Baseline characteristic data of the respondents were obtained from the ESS10 survey. This included the age of respondents, gender, education level, income level, whether they lived in a rural or urban setting, their country of residence and whether they were a migrant. These were included as model covariates as they were thought to potentially confound the relationship between climate change worry and the outcomes. Education level was determined in ESS10 using an adapted version of the International Standard Classification of Education (ISCED) 2011.21 The European Survey-ISCED (ES-ISCED) split highest educational attainment into eight tiers, ranging from less than primary education to a doctoral degree or equivalent.14 This was categorised into low, intermediate and high levels of education by grouping ES-ISCED 1–2, ES-ISCED 3–5 and ES-ISCED 6–8, respectively.
A decile approach was used to measure income, based on national deciles of the actual household income range in each country.14 Respondents estimated their household’s total income from all sources, after tax and compulsory deductions, and selected 1 of 10 income deciles which applied to them.
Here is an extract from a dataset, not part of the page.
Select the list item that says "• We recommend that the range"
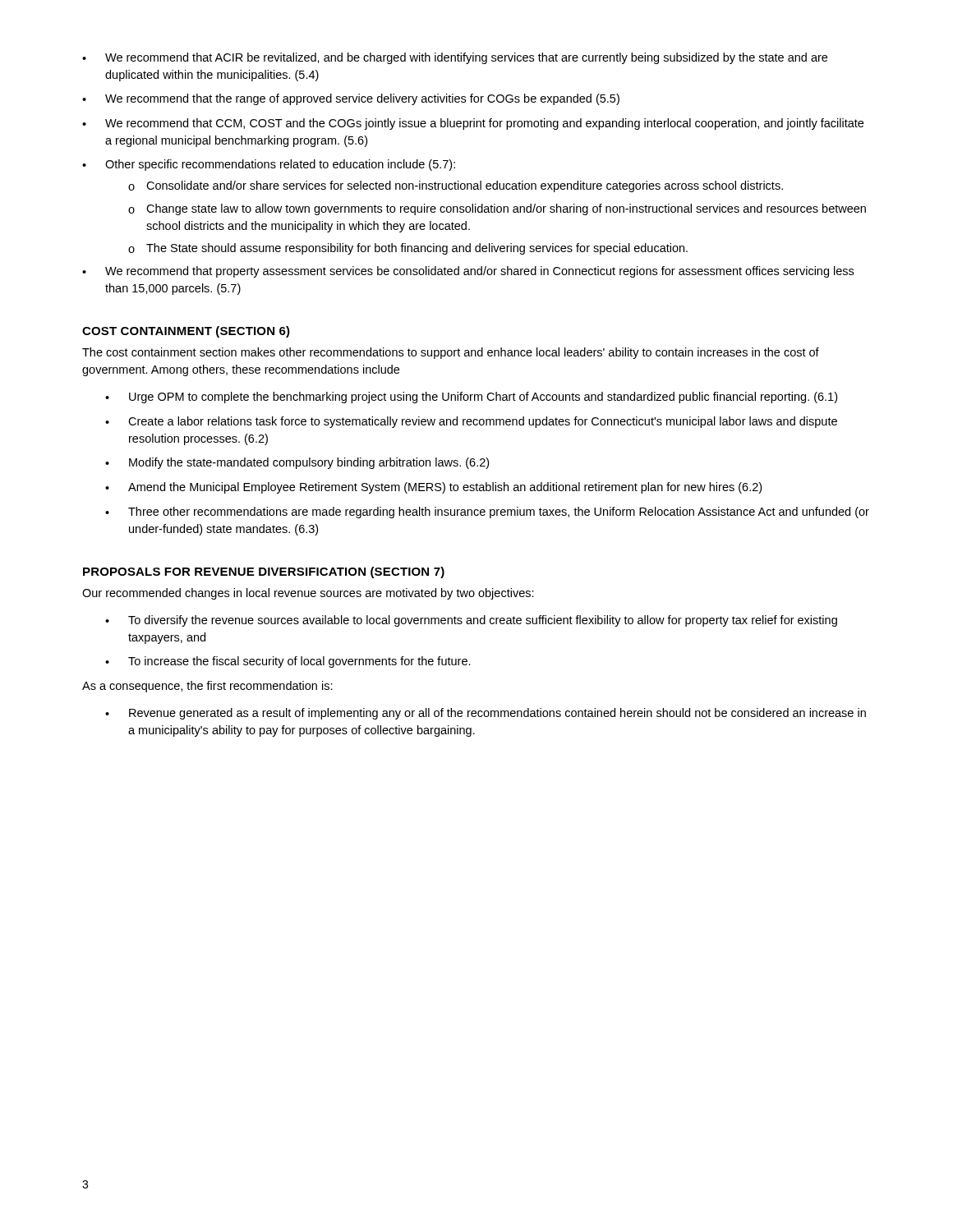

Income levels were then grouped into low, middle and high income by grouping deciles 1–3, deciles 4–7 and deciles 8–10, respectively.
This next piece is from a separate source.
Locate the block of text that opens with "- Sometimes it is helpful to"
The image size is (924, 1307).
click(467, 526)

To assess living in an urban or rural setting, respondents chose the most appropriate description of their domicile, which ranged from ‘a big city’, ‘suburbs or outskirts of a big city’, ‘town or small city’, ‘country village’ to ‘farm or home in countryside’.14 The former three categories were grouped as urban and the latter two were grouped as rural. Migration status was derived from a survey item which asked participants whether they were born in their current country of residence (yes/no).
Statistical analysis
Three analyses were conducted to investigate the research questions. First, to determine which countries had the highest levels of climate change worry, climate change worry was summarised descriptively using percentages and graphs, stratifying respondents by country. Next, to investigate the relationship between climate change worry and risk of depression, anxiety and sleep disturbance, two logistic regression analyses were applied. The associations were reported as ORs with 95% CIs.
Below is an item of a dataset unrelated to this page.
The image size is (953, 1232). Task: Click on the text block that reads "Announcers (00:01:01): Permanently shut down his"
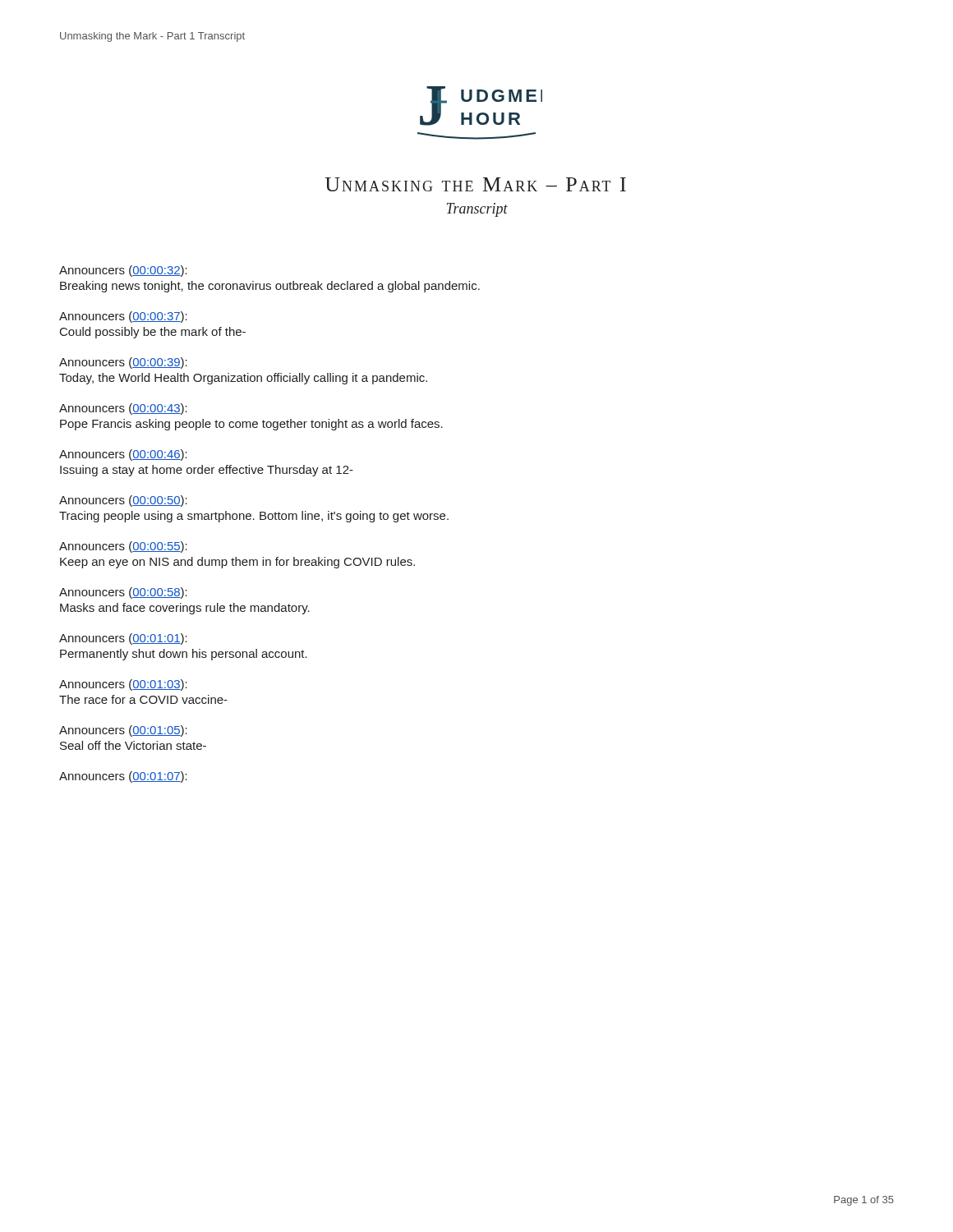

The first set of models investigated the relationship between climate change worry and depression, anxiety and sleep disturbance in a pooled cross-country analysis. Great Britain was chosen as the reference country for all analyses. The first model of this analysis adjusted for country fixed effects, the second model adjusted for country fixed effects, age and gender, and the third model adjusted for country, age, gender, migrant status, urban/rural status, education and income level. The second set of models investigated the relationship between climate change worry and depression, anxiety and sleep disturbance while stratifying by country to investigate potential differences between countries, adjusting for confounders as in the first set of models.
Respondents who had missing values for any of the variables included in the models were excluded from the analyses to conduct a complete case analysis. All tables and analyses were weighted as recommended.15 All analyses were performed using Stata/MP V.18.0.